* [What is being asked] How many lines of the records hold the string "Each"? Reply with the number alone.

* [Source data]
[Start of section]
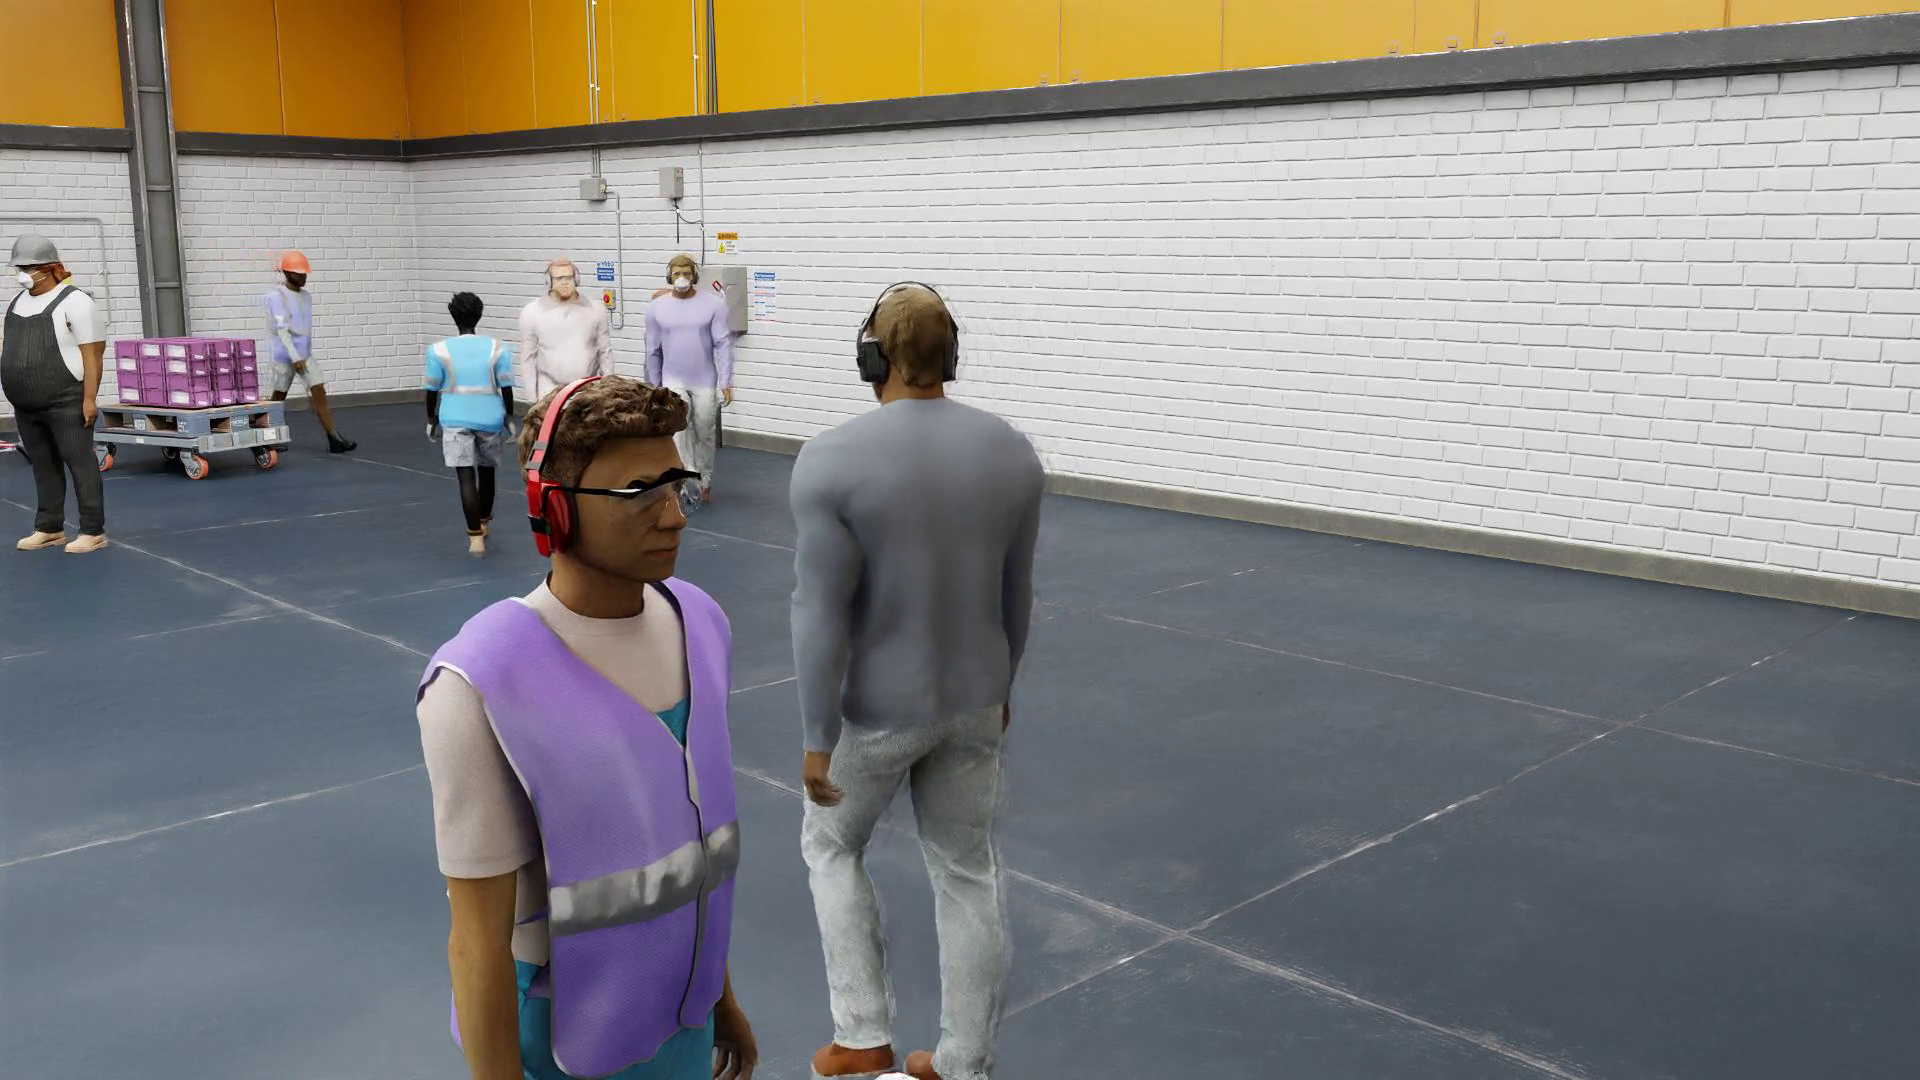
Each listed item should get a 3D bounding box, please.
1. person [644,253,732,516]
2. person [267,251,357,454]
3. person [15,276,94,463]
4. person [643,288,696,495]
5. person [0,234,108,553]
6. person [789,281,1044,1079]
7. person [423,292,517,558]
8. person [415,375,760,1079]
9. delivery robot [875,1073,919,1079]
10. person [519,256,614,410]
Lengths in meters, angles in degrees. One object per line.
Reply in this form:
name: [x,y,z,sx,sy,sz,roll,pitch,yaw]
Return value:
person: [-1.986,-1.150,12.235,0.640,1.905,0.994,-1,10,-5]
person: [-6.154,-1.717,15.384,1.038,1.879,0.538,4,11,23]
person: [-8.140,-1.559,14.910,0.506,1.724,0.851,7,12,32]
person: [-2.185,-1.124,12.827,0.446,1.615,0.540,10,14,42]
person: [-5.811,-0.926,10.593,0.688,2.000,0.536,3,11,18]
person: [-0.110,0.381,3.812,0.648,1.920,0.569,-5,12,-27]
person: [-3.155,-0.755,10.685,0.557,1.649,0.847,-5,11,-24]
person: [-0.487,0.694,2.293,0.390,1.846,0.565,4,11,21]
delivery robot: [-0.217,1.187,2.872,0.477,0.478,0.707,7,12,34]
person: [-2.828,-1.099,11.979,0.650,1.877,0.785,-4,11,-21]
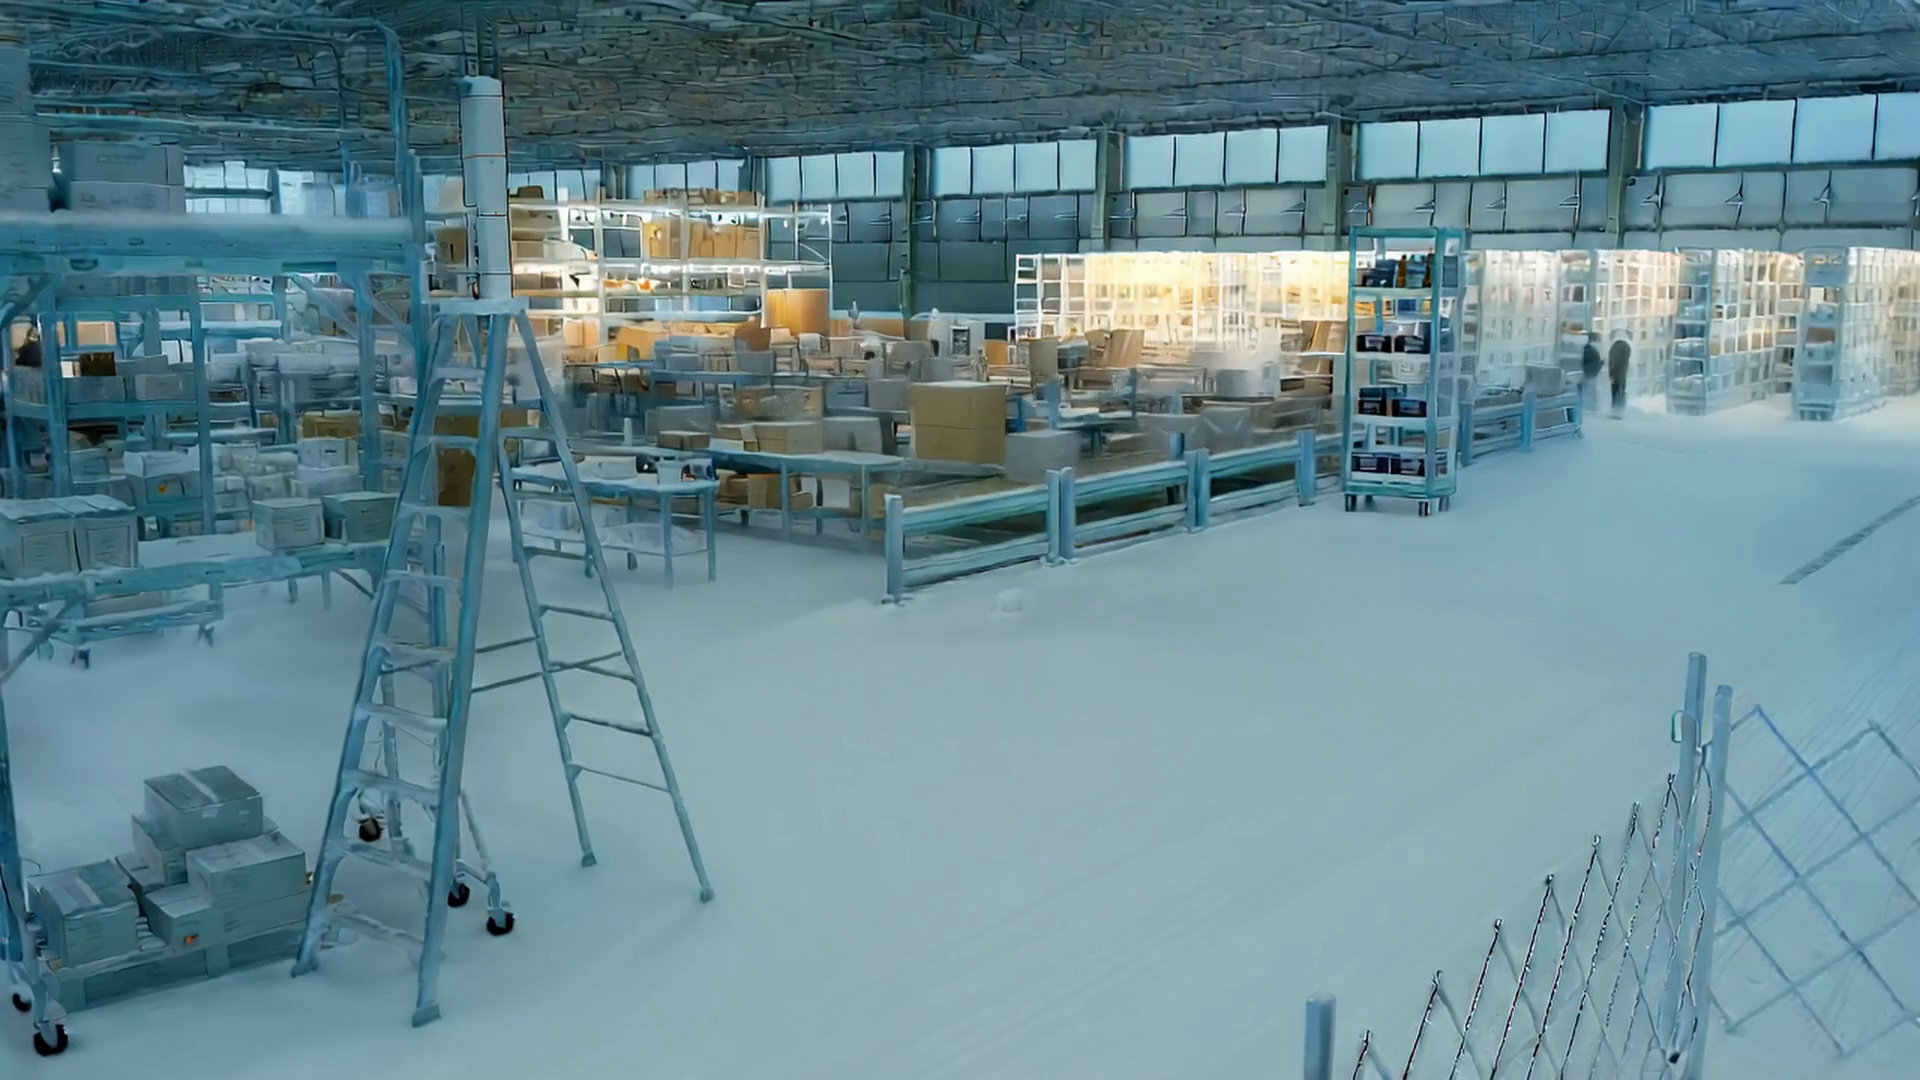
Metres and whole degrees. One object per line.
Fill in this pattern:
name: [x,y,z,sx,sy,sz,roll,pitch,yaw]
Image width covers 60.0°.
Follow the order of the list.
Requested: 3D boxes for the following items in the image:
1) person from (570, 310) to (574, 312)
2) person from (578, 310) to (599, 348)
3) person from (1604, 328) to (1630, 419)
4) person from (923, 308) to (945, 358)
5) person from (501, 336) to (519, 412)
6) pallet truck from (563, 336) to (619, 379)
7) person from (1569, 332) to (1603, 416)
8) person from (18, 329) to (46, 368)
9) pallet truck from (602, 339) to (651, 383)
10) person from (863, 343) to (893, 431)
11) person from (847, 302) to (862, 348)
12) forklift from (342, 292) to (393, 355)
person: [-16.865,-9.287,71.365,0.626,1.788,0.889,7,11,37]
person: [-11.317,-6.037,50.687,0.623,1.932,0.367,-1,9,-9]
person: [13.695,-3.468,34.715,0.400,1.903,0.645,9,13,44]
person: [-0.837,-6.254,51.886,0.623,1.974,0.608,7,11,36]
person: [-9.933,-3.639,36.448,0.558,1.672,0.621,4,10,23]
pallet truck: [-10.690,-5.294,48.215,1.601,1.201,0.680,-5,10,-26]
person: [13.333,-3.539,35.465,0.649,1.814,0.603,2,9,14]
person: [-19.648,-3.548,35.375,0.639,1.863,0.993,-7,12,-39]
pallet truck: [-8.991,-4.871,45.351,0.653,1.274,1.630,7,11,37]
person: [-1.557,-2.785,30.921,0.662,1.747,0.531,2,9,11]
person: [-4.271,-8.739,67.647,0.604,1.885,0.998,-1,9,-6]
forklift: [-16.485,-5.622,45.120,1.129,2.768,1.873,7,11,37]
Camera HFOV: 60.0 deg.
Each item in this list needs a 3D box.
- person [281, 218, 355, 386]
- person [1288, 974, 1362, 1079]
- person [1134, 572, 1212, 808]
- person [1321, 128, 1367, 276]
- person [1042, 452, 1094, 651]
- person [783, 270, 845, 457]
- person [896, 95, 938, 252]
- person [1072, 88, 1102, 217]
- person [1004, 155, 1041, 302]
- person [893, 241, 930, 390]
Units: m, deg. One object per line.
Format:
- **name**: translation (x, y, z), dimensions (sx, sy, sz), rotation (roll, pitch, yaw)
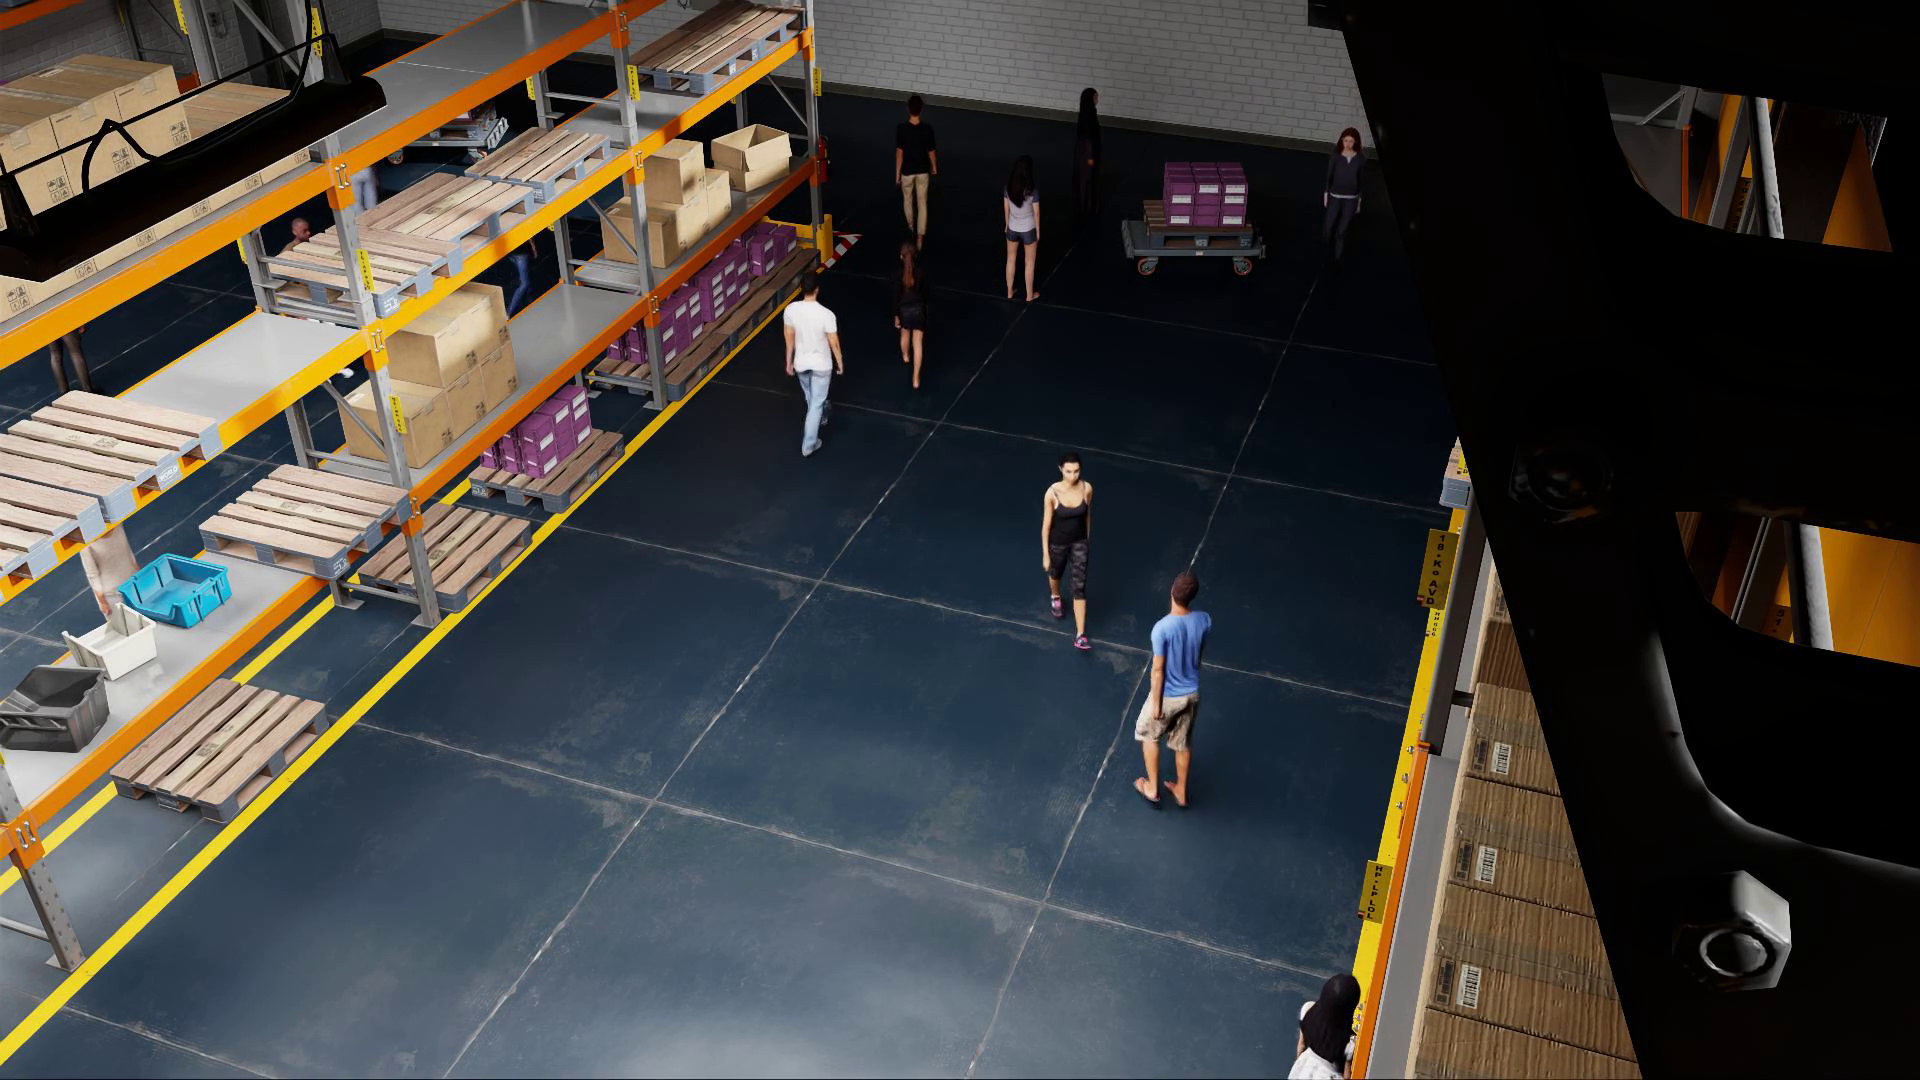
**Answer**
- **person**: translation (-6.693, -2.491, 17.230), dimensions (0.823, 1.817, 0.604), rotation (20, 38, 27)
- **person**: translation (1.949, 3.005, 9.004), dimensions (0.801, 1.769, 0.771), rotation (-24, 40, -31)
- **person**: translation (1.545, 1.126, 11.778), dimensions (0.845, 1.827, 0.903), rotation (-20, 39, -27)
- **person**: translation (4.517, -4.021, 19.572), dimensions (0.629, 1.771, 0.729), rotation (8, 34, 12)
- **person**: translation (0.840, -0.002, 13.604), dimensions (0.998, 1.684, 1.222), rotation (-7, 34, -10)
- **person**: translation (-1.450, -1.654, 15.965), dimensions (0.700, 1.822, 1.086), rotation (12, 36, 18)
- **person**: translation (-0.527, -4.387, 20.087), dimensions (0.979, 1.810, 1.252), rotation (-2, 34, -3)
- **person**: translation (1.607, -4.929, 21.080), dimensions (0.748, 1.615, 0.636), rotation (0, 34, 0)
- **person**: translation (0.700, -3.548, 18.918), dimensions (0.610, 1.707, 0.547), rotation (15, 36, 21)
- **person**: translation (-0.495, -2.305, 17.219), dimensions (0.788, 1.518, 1.094), rotation (-1, 34, -1)
[End of section]
* [Response to the task] 2